Just wanted to mention I'm having the same issue with my G29 wheel (under Windows).
Originally I thought I was just configuring things wrong so I used this SDL2 controller tester under Linux (since it was easier) to check on some things. When the wheel is in PS3 mode, everything seems to work, aside from the pedal axes being strange (they go from -32768 to 32767 instead of 0-32767). When it's in PS4 mode (as it should be for PC - more buttons are supported and axes are more sensible), the tester has problems with recognizing all the inputs and displays an error about opening the haptic device. This was on Debian 9 with whatever libsdl2-dev package is in the repos so it's probably pretty dated.
Now, back to Cannonball in Windows, when I have the wheel in PS3 mode, it hardly works at all due to the funky pedal axes. In PS4 mode, I can get everything to work except the haptic feedback (and it what does work works great!). I did try the older build but had even less luck getting it to work; most controls had no effect, even with several different mappings attempted in config.xml.
I wonder if this might be an issue with SDL2 more so than Cannonball. I found this issue in their tracker that indicates this wheel specifically may have had issues with an older revision.
I have a fair bit of dev experience, albeit more in business systems than game dev, but I may be able to have a look at things to see if there's an easy fix. I figure I can start by building with the current stable and git versions of SDL2 and go from there. If that doesn't do it, where is the best place in the Cannonball source to start troubleshooting inputs?
Edit: I just saw in the build instructions that you're using DirectX 8.1 for the force feedback support.

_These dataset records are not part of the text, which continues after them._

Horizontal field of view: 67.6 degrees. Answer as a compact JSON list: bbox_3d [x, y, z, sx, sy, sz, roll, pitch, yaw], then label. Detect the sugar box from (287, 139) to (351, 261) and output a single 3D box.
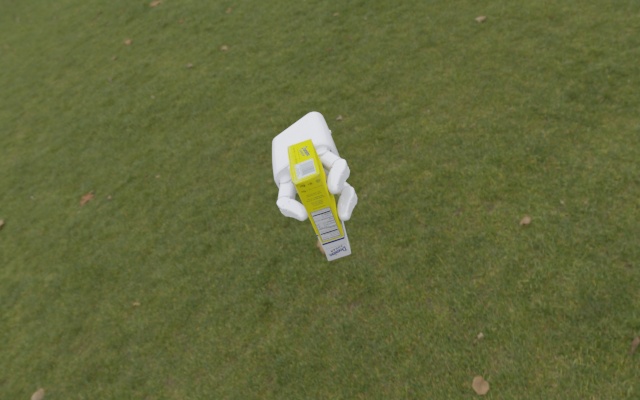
[{"bbox_3d":[0.001,0.002,0.741,0.048,0.176,0.093,-20,41,7],"label":"sugar box"}]
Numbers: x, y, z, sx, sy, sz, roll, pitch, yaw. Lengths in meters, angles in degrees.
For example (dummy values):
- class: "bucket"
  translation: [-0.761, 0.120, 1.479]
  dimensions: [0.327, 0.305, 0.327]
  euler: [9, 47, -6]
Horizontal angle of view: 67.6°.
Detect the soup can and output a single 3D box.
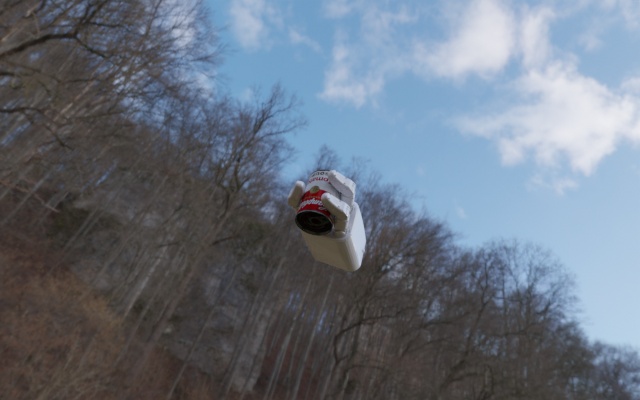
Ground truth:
- class: "soup can"
  translation: [0.000, 0.002, 0.859]
  dimensions: [0.068, 0.102, 0.069]
  euler: [11, -39, 9]
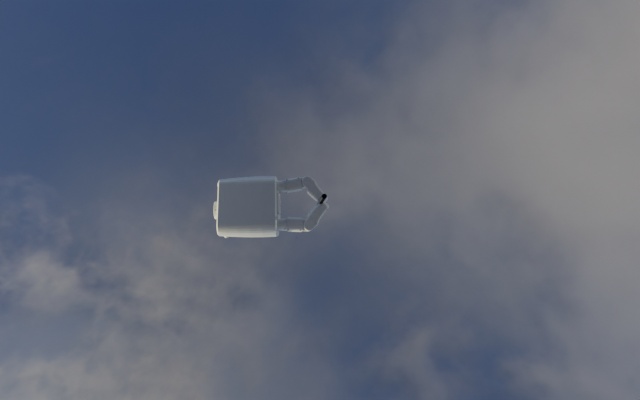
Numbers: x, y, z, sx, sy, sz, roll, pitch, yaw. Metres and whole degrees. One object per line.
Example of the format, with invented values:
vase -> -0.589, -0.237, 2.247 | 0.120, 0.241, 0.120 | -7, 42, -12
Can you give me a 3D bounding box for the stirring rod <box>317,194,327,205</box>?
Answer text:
stirring rod -> 0.000, 0.003, 0.855 | 0.011, 0.011, 0.239 | 0, -4, -3
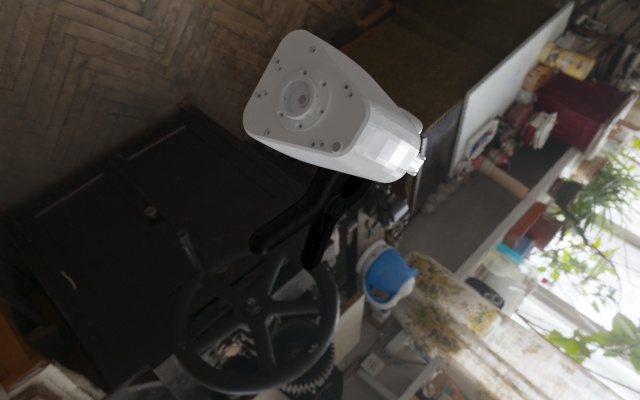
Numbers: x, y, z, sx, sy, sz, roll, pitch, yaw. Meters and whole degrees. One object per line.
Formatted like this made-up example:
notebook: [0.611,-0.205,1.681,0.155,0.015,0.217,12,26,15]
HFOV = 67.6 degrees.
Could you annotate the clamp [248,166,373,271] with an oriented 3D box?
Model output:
clamp: [0.001,0.002,0.495,0.039,0.171,0.120,37,12,27]
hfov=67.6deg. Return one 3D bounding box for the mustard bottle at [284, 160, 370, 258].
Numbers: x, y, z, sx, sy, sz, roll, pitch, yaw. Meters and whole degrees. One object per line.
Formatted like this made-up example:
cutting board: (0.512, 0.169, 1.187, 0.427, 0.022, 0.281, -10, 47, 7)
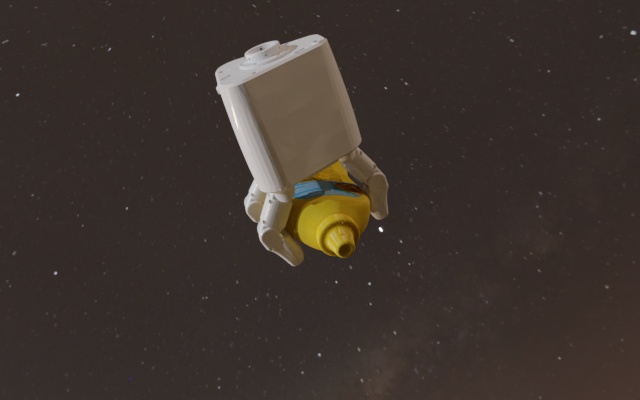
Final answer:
mustard bottle: (0.000, 0.002, 0.510, 0.096, 0.058, 0.191, -1, 26, -15)
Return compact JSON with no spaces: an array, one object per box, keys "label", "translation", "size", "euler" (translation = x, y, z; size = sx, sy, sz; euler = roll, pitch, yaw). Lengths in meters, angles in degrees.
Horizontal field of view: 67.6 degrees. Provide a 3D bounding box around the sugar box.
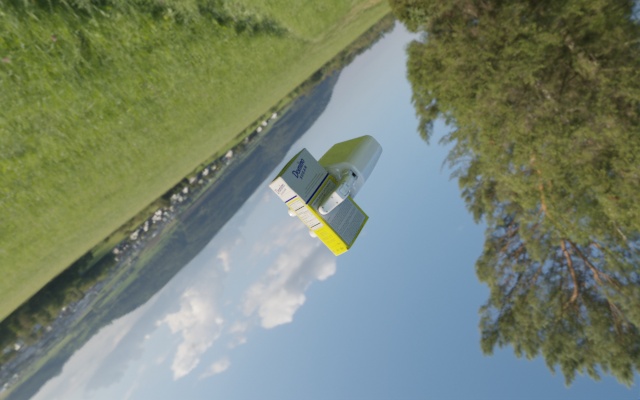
[{"label":"sugar box","translation":[0.000,0.003,0.839],"size":[0.048,0.176,0.093],"euler":[-33,15,46]}]

I'll look into that as well. I wonder if this wheel's FFB support might only be supported in newer versions.
Edit 2: For what it's worth, a 32-bit build (using VS 2022) against SDL 2.0.20 and Boost 1.78 (and the DX81 SDK linked in the README) with the current git main at least activates the feedback (so there's some resistance on the wheel), which v0.34 doesn't do (the wheel just spins freely).
@0x15e I just replaced my G920 wheel with a G29 and experienced the same lack of feedback. Reading your 'edit 2' comment, did you successfully compile a custom version of Cannonball that fixed this issue? I would love to experience this... Thanks.
@thewooll I was able to compile it so that it would at least enable the centering on the wheel but I never could get any other feedback to work. When I didn't hear back from the maintainer and realized there are already 5 open PRs on this project, I stopped working on it.
Edit: To be clear, I still have the build environment set up and would be willing to look into it again (mostly from the perspective of porting FFB to SDL2). I'm hesitant to spend the time on it if the project isn't being actively maintained, though, since I don't want to get into supporting a fork of my own.